Microsoft ne fournit pas de démonstration poussée. Aucun exemple intégré, aucune analyse comparative, pas même une estimation des cas d’usage cibles. Le déploiement se fait par vagues successives, à commencer par les membres du programme Windows Insiders. L’interface reste neutre, presque muette. L’utilisateur curieux devra tester par lui-même, avec ses mots, ses contextes, ses essais. Et, selon son abonnement, il saura s’il peut accéder à cette nouvelle dimension ou s’il doit s’en passer.
Ce mode de lancement traduit un positionnement très clair.

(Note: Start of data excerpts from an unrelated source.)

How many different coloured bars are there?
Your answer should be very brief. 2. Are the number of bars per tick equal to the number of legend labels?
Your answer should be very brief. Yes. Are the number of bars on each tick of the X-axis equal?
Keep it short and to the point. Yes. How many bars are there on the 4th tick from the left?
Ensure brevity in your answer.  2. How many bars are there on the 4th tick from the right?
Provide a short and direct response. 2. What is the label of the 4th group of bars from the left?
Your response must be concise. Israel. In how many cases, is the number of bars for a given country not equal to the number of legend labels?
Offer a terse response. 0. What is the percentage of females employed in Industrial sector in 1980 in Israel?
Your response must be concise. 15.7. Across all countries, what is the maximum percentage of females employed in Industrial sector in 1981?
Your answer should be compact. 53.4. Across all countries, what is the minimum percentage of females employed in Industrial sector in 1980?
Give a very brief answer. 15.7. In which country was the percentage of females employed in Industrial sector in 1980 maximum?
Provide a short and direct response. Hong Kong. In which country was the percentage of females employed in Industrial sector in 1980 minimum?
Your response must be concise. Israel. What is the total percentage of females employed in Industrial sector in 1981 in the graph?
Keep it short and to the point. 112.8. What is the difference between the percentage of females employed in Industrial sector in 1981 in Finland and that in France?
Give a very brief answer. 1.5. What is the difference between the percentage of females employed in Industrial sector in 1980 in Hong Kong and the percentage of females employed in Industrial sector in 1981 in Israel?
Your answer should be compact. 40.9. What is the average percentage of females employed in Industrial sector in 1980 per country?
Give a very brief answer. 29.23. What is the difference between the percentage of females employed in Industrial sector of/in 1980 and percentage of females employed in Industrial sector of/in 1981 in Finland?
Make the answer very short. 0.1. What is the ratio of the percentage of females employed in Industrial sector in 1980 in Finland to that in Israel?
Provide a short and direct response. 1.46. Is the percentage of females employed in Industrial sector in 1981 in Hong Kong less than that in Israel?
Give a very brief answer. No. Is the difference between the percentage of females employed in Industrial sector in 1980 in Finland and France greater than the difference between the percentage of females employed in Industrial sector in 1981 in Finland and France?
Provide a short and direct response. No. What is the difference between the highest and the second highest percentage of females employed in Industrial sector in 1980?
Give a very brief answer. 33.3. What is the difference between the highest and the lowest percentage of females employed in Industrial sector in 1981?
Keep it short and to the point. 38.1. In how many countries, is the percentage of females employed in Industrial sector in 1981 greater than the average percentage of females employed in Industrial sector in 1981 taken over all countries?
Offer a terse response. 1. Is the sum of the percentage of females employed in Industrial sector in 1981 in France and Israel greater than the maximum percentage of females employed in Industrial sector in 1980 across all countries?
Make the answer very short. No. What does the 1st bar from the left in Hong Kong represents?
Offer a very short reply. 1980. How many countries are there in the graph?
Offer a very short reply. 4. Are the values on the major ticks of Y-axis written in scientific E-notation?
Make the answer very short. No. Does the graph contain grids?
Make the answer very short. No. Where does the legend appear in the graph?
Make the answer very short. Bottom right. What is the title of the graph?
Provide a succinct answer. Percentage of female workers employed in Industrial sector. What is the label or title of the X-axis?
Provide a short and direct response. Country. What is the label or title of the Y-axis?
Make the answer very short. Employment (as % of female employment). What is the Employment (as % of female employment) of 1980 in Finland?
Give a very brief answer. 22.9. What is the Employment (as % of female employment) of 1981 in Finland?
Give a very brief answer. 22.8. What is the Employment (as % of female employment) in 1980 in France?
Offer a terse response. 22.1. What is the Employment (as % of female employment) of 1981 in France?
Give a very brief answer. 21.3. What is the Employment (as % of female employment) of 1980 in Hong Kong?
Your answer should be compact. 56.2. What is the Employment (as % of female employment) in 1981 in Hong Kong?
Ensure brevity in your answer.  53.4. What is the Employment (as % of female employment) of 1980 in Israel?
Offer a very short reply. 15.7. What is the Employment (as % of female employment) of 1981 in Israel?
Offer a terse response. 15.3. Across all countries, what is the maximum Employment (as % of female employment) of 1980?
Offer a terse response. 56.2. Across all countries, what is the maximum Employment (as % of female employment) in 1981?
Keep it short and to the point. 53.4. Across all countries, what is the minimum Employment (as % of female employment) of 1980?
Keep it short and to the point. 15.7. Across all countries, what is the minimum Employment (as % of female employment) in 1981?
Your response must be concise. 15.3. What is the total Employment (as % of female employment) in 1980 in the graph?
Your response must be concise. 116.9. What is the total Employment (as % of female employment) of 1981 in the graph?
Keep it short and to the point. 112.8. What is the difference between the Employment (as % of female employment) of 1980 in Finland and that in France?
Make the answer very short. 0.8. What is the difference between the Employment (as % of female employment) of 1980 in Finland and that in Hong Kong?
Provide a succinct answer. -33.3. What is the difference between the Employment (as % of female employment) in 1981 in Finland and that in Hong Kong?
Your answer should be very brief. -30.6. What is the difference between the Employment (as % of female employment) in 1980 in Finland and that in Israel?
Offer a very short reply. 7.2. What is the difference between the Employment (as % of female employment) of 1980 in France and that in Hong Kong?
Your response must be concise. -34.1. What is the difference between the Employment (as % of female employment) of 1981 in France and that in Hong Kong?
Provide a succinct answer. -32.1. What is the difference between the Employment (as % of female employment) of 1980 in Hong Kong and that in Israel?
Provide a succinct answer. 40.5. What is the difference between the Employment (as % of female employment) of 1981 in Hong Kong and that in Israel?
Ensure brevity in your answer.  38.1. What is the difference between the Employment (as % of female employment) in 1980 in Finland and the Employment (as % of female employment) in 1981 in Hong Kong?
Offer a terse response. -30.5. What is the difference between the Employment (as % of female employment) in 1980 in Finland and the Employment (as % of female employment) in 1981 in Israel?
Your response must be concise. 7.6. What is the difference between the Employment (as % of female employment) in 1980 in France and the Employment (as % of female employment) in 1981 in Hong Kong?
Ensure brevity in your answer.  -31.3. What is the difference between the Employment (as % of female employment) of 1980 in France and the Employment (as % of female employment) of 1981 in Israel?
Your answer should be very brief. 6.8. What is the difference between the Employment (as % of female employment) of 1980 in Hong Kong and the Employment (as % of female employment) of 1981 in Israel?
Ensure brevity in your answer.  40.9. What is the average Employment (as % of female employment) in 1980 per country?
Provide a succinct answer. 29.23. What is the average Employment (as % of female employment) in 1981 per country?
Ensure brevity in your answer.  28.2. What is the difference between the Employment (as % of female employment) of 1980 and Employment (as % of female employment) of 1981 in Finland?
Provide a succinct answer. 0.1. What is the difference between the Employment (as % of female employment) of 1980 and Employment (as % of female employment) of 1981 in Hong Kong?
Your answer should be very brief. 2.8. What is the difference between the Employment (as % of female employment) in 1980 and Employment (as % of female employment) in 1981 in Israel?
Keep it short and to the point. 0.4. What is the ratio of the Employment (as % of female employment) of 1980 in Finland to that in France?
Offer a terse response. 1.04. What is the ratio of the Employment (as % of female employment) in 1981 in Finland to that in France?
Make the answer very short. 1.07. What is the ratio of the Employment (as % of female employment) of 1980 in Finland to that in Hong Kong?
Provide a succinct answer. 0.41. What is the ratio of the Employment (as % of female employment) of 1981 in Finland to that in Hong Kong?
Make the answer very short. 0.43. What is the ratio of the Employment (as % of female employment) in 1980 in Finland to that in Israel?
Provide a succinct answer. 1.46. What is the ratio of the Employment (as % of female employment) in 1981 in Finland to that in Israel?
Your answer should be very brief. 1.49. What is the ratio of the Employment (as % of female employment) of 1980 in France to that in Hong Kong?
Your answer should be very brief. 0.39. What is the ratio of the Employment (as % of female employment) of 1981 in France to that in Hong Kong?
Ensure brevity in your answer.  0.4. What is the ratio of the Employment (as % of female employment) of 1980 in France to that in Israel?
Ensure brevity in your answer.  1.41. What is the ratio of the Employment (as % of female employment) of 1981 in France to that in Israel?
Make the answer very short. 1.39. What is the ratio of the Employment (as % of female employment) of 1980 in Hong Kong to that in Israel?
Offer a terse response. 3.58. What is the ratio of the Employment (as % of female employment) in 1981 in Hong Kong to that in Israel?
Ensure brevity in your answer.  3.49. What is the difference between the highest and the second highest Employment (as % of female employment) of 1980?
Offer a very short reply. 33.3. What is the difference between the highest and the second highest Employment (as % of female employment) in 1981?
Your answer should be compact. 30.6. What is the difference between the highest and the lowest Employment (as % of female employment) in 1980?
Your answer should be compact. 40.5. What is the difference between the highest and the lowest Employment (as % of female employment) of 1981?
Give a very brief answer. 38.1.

Microsoft ne cherche pas tant à convaincre que à conditionner. L’IA ne se donne pas. Elle se vend. Elle se lie à un matériel, à une formule, à un engagement. Et en agissant ainsi, l’entreprise capitalise sur un réflexe bien établi : celui de la continuité. Les utilisateurs familiers de Paint, de Notepad ou de l’outil de capture n’ont pas besoin d’apprendre. Ils découvrent simplement que leurs gestes habituels peuvent être augmentés. Plus de fluidité, moins de friction. Mais à condition d’accepter un nouveau cadre.
Il y a derrière ce mouvement une logique stratégique assumée. Microsoft veut que Copilot soit perçu comme un environnement plus qu’un outil. Une présence diffuse dans l’ensemble des interactions numériques, depuis les tâches les plus simples jusqu’aux opérations les plus avancées. La suite Office, les applications natives, le système d’exploitation lui-même deviennent les supports d’un assistant permanent, discret mais toujours disponible.
Et dans cette vision, Notepad n’est pas un cas isolé. Il est un symbole. Celui d’une transition douce mais irréversible vers une informatique où le texte ne naît plus seulement de l’écriture humaine, mais d’une co-création silencieuse avec une machine. L’idée n’est plus de remplacer le geste, mais de le précéder, de le guider, parfois même de le devancer.
Loin des démonstrations spectaculaires ou des conférences technologiques grandiloquentes, Microsoft adopte une stratégie d’infusion. L’IA ne s’impose pas. Elle s’infiltre. Et c’est peut-être cette discrétion qui fait sa force. Car l’utilisateur n’a pas à changer de logiciel. Il découvre simplement, au sein d’une interface familière, une fonction nouvelle. Un bouton, un raccourci, un menu. Et derrière, une promesse.
Reste à voir si cette promesse tiendra dans le temps. Si les textes générés sauront convaincre, aider, enrichir. Si les abonnements justifieront leur coût. Et si, au fond, l’écriture assistée dans Notepad ne reste pas une curiosité technique plus qu’un besoin réel.
Mais dans une époque où le moindre outil devient intelligent, même le plus banal des éditeurs de texte peut révéler l’ambition d’un géant.